Dextro-transposition of the great arteries with an intact ventricular septum
Anatomy. Transposition of the great arteries is a conotruncal abnormality in which the aorta arises exclusively from the RV and the PA exclusively from the LV. The great arteries arise from the heart in parallel and do not cross. The coronary arteries arise from the anterior and rightward aorta (associated with RV).
Physiology. When atrial situs is normal, this creates transposition physiology, in which deoxygenated blood is recirculated to the body and oxygenated blood is recirculated to the lungs. Maintenance of sufficient systemic oxygenation typically occurs by maintenance of the PDA, which increases effective (i.e. deoxygenated) pulmonary blood flow, increasing LA return and driving LA –> RA atrial flow across a PFO. Extreme hypoxemia (saturations <60%) presents an emergency. Intubation, sedation and NMB may improve hypoxemia significantly by decreasing VO2 and optimizing pulmonary vein saturations. PGE should be started in hypoxemic patients. Volume administration may stretch the PFO and improve left to right atrial shunting, improving hypoxemia. When the PFO is excessively restrictive, hypoxemia may be relieved by a balloon atrial septostomy. Additionally, because the aorta arises from the RV, intravenous catheters (particularly CVL/UVCs) should be considered LA lines and precautions should be taken to avoid introduction of air emboli.

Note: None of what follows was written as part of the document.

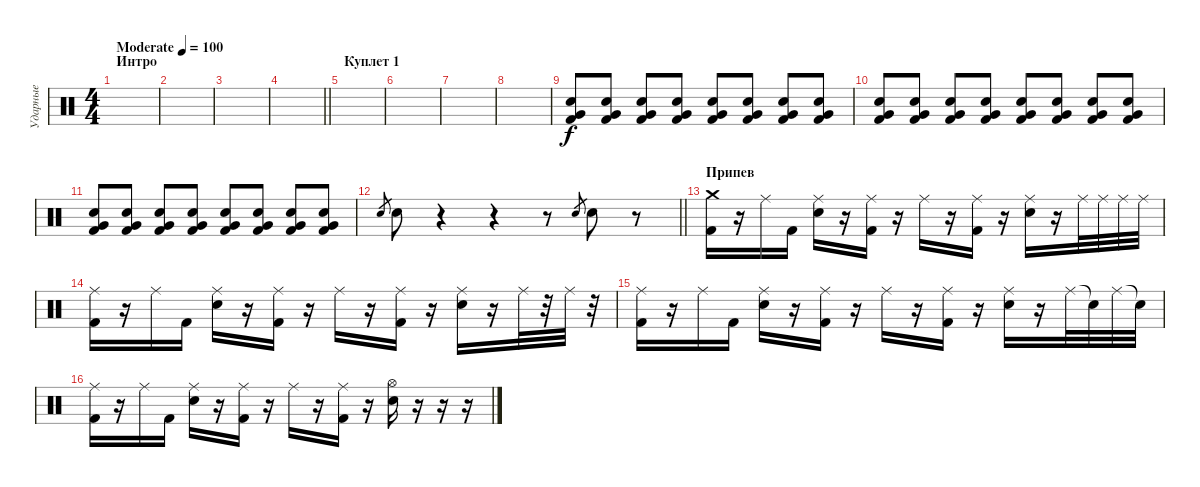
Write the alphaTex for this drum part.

Clinical presentation spectrum
- Unrestrictive atrial septum
- Restrictive/intact atrial septum
Importance of feeding
Off PGE? Overrated…
Day of surgery related to HLOS as interesting aside?
Balloon atrial septostomy
Indications. Balloon atrial septostomy (Raskind procedure; picuted above) is performed to relieve symptoms related to an excessively restrictive atrial shunt. The procedure is definitively indicated when hypoxemia is severe (e.g. SpO2<60%) despite expansion of the lungs and maintenance of the PDA. In other instances, a BAS is performed based on the echocardiographic appearance of the PFO. Even following a BAS, the atrium is almost never a common atrium, such that there is not complete atrial mixing. Instead, oxygenation still depends upon increased LA relative to RA return (i.e. atrial shunting) and the need for PGE often persists. However, if signs of LA HTN are present and surgery will be delayed, a BAS may be clinically helpful. Generally, saturations >60% are well tolerated preoperatively.
Procedural considerations. Patients may be intubated or sedated without intubation for the procedure. When planning the procedure, PRBC should be available, cath lab and echo team at bedside. Access is via femoral or umbilical vein. A catheter is passed through the PFO under echo guidance, inflated in the LA (avoiding the MV and LA appendage). Once abutting the atrial septum, the balloon is fully inflated and pulled rapidly across the atrial septum into the RA. Procedure may be repeated several times, and saturations typically improve rapidly. Complications are rare, but include injury to MV, rupture of atrial appendage, IVC or hepatic veins.
Important outcome papers
Although outcomes for dTGA/IVS are currently outstanding, it hasn’t always been so. Many of the operations we use for other heart diseases were first pioneered for this heart defect. Here’s a quick review.
The first approach was an atrial switch. While this relieved cyanosis, it left the right ventricle as the systemic ventricle (pumping to the aorta) for the lifetime, caused atrial arrhythmias, and other problems.
The second approach was an anatomic connection between the aorta and pulmonary artery, the modern day ‘DKS’ – Damus, Kaye and Stansel all described this operation for dTGA.
The final approach was our current one, in which the great arteries are switched, including a transfer of the coronary arteries from the aortic root to the ‘neo-aortic’ root.’ Performing this operation in the newborn period was viewed with great skepticism at first, but Aldo Casteneda, John Mayer, and others at BCH proved that it could be done, and done well.